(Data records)
::::::::

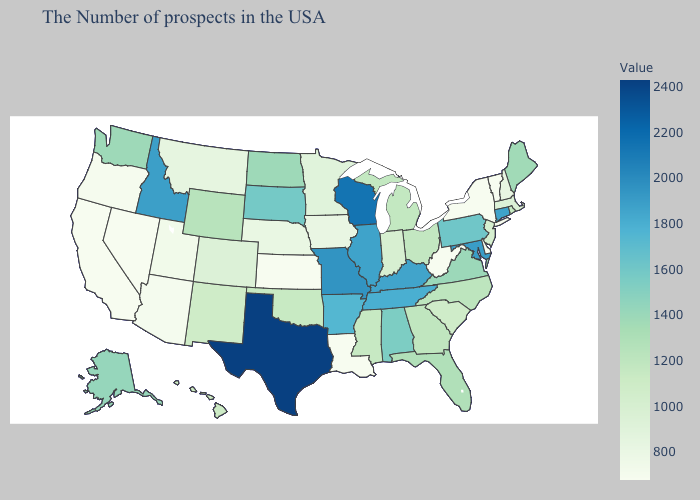Does Maine have the lowest value in the Northeast?
Answer briefly. No. Among the states that border Washington , does Oregon have the highest value?
Concise answer only. No. Which states have the highest value in the USA?
Short answer required. Texas. Which states hav the highest value in the Northeast?
Concise answer only. Connecticut. Does North Dakota have a higher value than West Virginia?
Quick response, please. Yes. Which states have the lowest value in the USA?
Write a very short answer. Vermont, New York, Delaware, West Virginia, Louisiana, Kansas, Nevada, California.

::::::::

# WHAT YOU HAVE TO DO
Each line above that contains the string "Which" should be identified and copied.

# EXERCISE OUTPUT
Concise answer only. No. Which states have the highest value in the USA?
Short answer required. Texas. Which states hav the highest value in the Northeast?
Quick response, please. Yes. Which states have the lowest value in the USA?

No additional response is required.